**Problem:** In the data below, find each line that contains the word "percentage" and copy it.

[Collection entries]
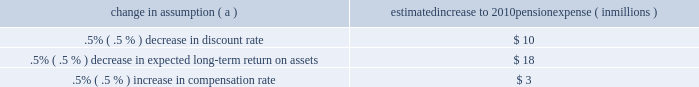Investment policy , which is described more fully in note 15 employee benefit plans in the notes to consolidated financial statements in item 8 of this report .
We calculate the expense associated with the pension plan and the assumptions and methods that we use include a policy of reflecting trust assets at their fair market value .
On an annual basis , we review the actuarial assumptions related to the pension plan , including the discount rate , the rate of compensation increase and the expected return on plan assets .
The discount rate and compensation increase assumptions do not significantly affect pension expense .
However , the expected long-term return on assets assumption does significantly affect pension expense .
Our expected long- term return on plan assets for determining net periodic pension expense has been 8.25% ( 8.25 % ) for the past three years .
The expected return on plan assets is a long-term assumption established by considering historical and anticipated returns of the asset classes invested in by the pension plan and the allocation strategy currently in place among those classes .
While this analysis gives appropriate consideration to recent asset performance and historical returns , the assumption represents a long-term prospective return .
We review this assumption at each measurement date and adjust it if warranted .
For purposes of setting and reviewing this assumption , 201clong- term 201d refers to the period over which the plan 2019s projected benefit obligation will be disbursed .
While year-to-year annual returns can vary significantly ( rates of return for the reporting years of 2009 , 2008 , and 2007 were +20.61% ( +20.61 % ) , -32.91% ( -32.91 % ) , and +7.57% ( +7.57 % ) , respectively ) , the assumption represents our estimate of long-term average prospective returns .
Our selection process references certain historical data and the current environment , but primarily utilizes qualitative judgment regarding future return expectations .
Recent annual returns may differ but , recognizing the volatility and unpredictability of investment returns , we generally do not change the assumption unless we modify our investment strategy or identify events that would alter our expectations of future returns .
To evaluate the continued reasonableness of our assumption , we examine a variety of viewpoints and data .
Various studies have shown that portfolios comprised primarily of us equity securities have returned approximately 10% ( 10 % ) over long periods of time , while us debt securities have returned approximately 6% ( 6 % ) annually over long periods .
Application of these historical returns to the plan 2019s allocation of equities and bonds produces a result between 8% ( 8 % ) and 8.5% ( 8.5 % ) and is one point of reference , among many other factors , that is taken into consideration .
We also examine the plan 2019s actual historical returns over various periods .
Recent experience is considered in our evaluation with appropriate consideration that , especially for short time periods , recent returns are not reliable indicators of future returns , and in many cases low returns in recent time periods are followed by higher returns in future periods ( and vice versa ) .
Acknowledging the potentially wide range for this assumption , we also annually examine the assumption used by other companies with similar pension investment strategies , so that we can ascertain whether our determinations markedly differ from other observers .
In all cases , however , this data simply informs our process , which places the greatest emphasis on our qualitative judgment of future investment returns , given the conditions existing at each annual measurement date .
The expected long-term return on plan assets for determining net periodic pension cost for 2009 was 8.25% ( 8.25 % ) , unchanged from 2008 .
During 2010 , we intend to decrease the midpoint of the plan 2019s target allocation range for equities by approximately five percentage points .
As a result of this change and taking into account all other factors described above , pnc will change the expected long-term return on plan assets to 8.00% ( 8.00 % ) for determining net periodic pension cost for 2010 .
Under current accounting rules , the difference between expected long-term returns and actual returns is accumulated and amortized to pension expense over future periods .
Each one percentage point difference in actual return compared with our expected return causes expense in subsequent years to change by up to $ 8 million as the impact is amortized into results of operations .
The table below reflects the estimated effects on pension expense of certain changes in annual assumptions , using 2010 estimated expense as a baseline .
Change in assumption ( a ) estimated increase to 2010 pension expense ( in millions ) .
( a ) the impact is the effect of changing the specified assumption while holding all other assumptions constant .
We currently estimate a pretax pension expense of $ 41 million in 2010 compared with pretax expense of $ 117 million in 2009 .
This year-over-year reduction was primarily due to the amortization impact of the favorable 2009 investment returns as compared with the expected long-term return assumption .
Our pension plan contribution requirements are not particularly sensitive to actuarial assumptions .
Investment performance has the most impact on contribution requirements and will drive the amount of permitted contributions in future years .
Also , current law , including the provisions of the pension protection act of 2006 , sets limits as to both minimum and maximum contributions to the plan .
We expect that the minimum required contributions under the law will be zero for 2010 .
We maintain other defined benefit plans that have a less significant effect on financial results , including various .
What is the estimated change in pretax pension expense between 2010 compared to 2009 in millions? 
Computations: (41 - 117)
Answer: -76.0.

**Output below:**
During 2010 , we intend to decrease the midpoint of the plan 2019s target allocation range for equities by approximately five percentage points .
Each one percentage point difference in actual return compared with our expected return causes expense in subsequent years to change by up to $ 8 million as the impact is amortized into results of operations .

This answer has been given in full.